32) Il est discutable de faire de la logique une instance qui serait, d’une manière ou d’une autre, l’origine
de la nature. Car la déficience de la nature tient précisément à ce qu’elle est dépourvue de
fondement logique, c’est-à-dire de principe d’unité. Le passage de la logique à la nature n’est pas
l’acte de la logique elle-même mais celui de la nature. Il n’est rien d’autre que la venue au jour,
incessante et répétitive, des multiples êtres naturels.
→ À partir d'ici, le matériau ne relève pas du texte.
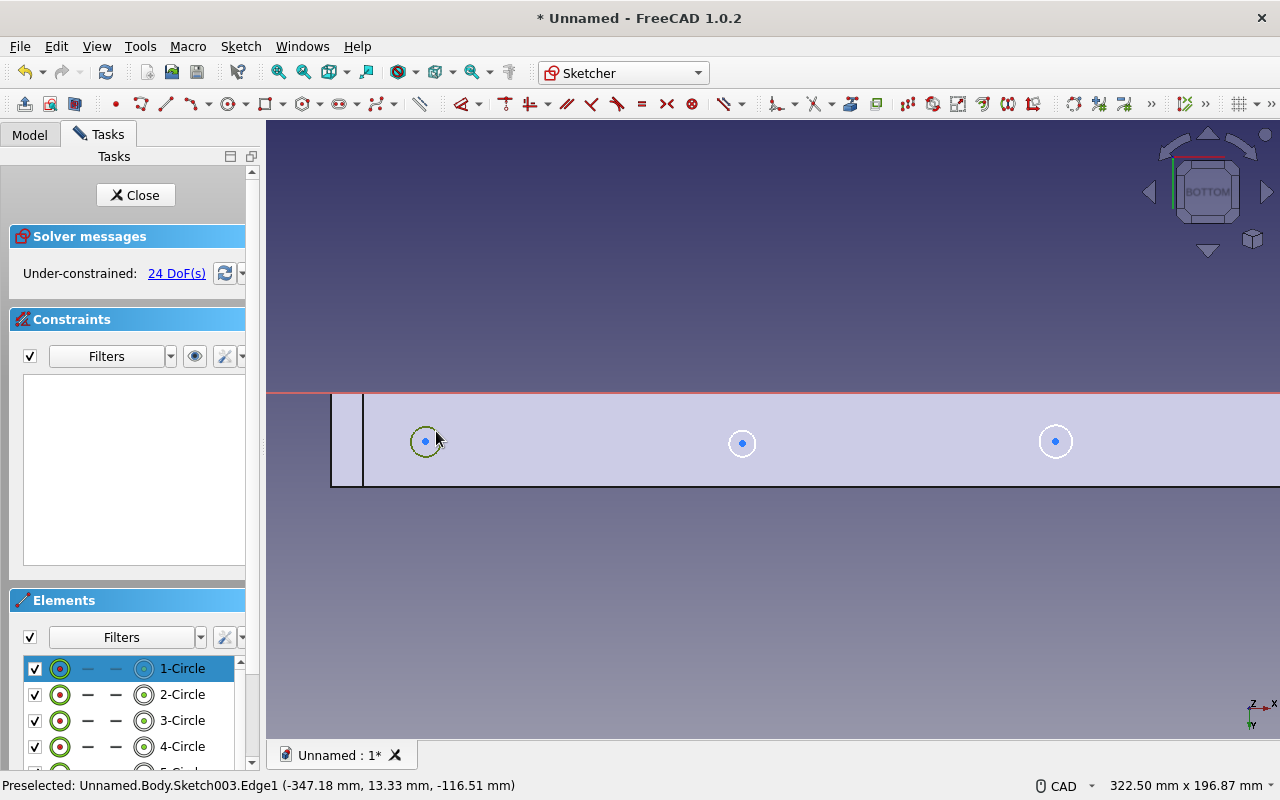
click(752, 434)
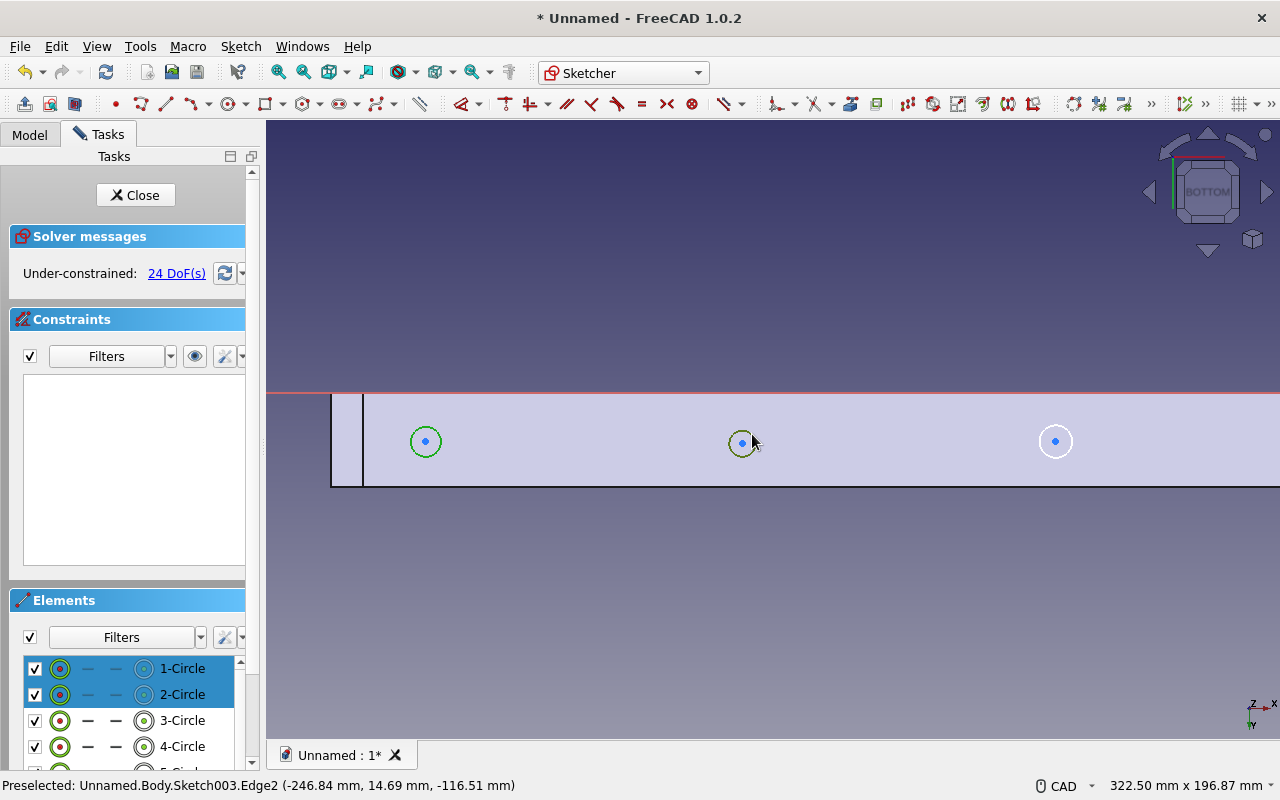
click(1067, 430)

La nature n’est ni créée ni causa sui mais elle
est donnée et telle qu’elle se conserve en se reproduisant indéfiniment.
33) Si la déficience de la nature tient à son absence d’unité, la déficience de la logique tient à son
abstraction. En effet, la logique ne fait pas en elle-même l’épreuve du non-logique. Elle est la
pensée de la rationalité, non sa réalisation. Seul l’esprit est à la fois unitaire et concret.
34) Qu’est-ce que l’esprit ? Il est le sujet qui se constitue en idéalisant sa présupposition. Il se pose
comme l’instance qui confère un sens et une unité à sa condition – laquelle est donnée et multiple
et, à ce titre, « naturelle ». Restant lui-même mais non pareil à lui-même en chacune de ses
incarnations, il tend à se subordonner ce qui est de prime abord infondé ou injuste. Il est sa propre
origine et son propre but. Alors que la nature est multiple parce qu’elle est donnée, l’esprit est
unitaire parce qu’il est une activité.
35) Dans la nature, les moments sont dans une relation de pure altérité. Dans l’esprit en revanche, ils
se rapportent les uns aux autres comme relevant d’un même concept. C’est pourquoi la
reconnaissance est le concept clé de l’esprit : celle-ci consiste, pour un sujet, à établir son unité
avec l’autre. Alors que la sphère naturelle est en proie au bellum omnium contra omnes, un esprit
quelconque reconnaît son identité avec les autres esprits.
36) Les êtres naturels particuliers ne sont que les parties de la nature en général – laquelle n’existe,
précisément, que comme la somme interminable de ses composantes. L’esprit, en revanche,
s’investit tout entier dans chaque être spirituel particulier. Néanmoins, l’esprit n’est pas un genre,
car il ne possède pas de contenu substantiel fixe et se transforme incessamment par auto-négation.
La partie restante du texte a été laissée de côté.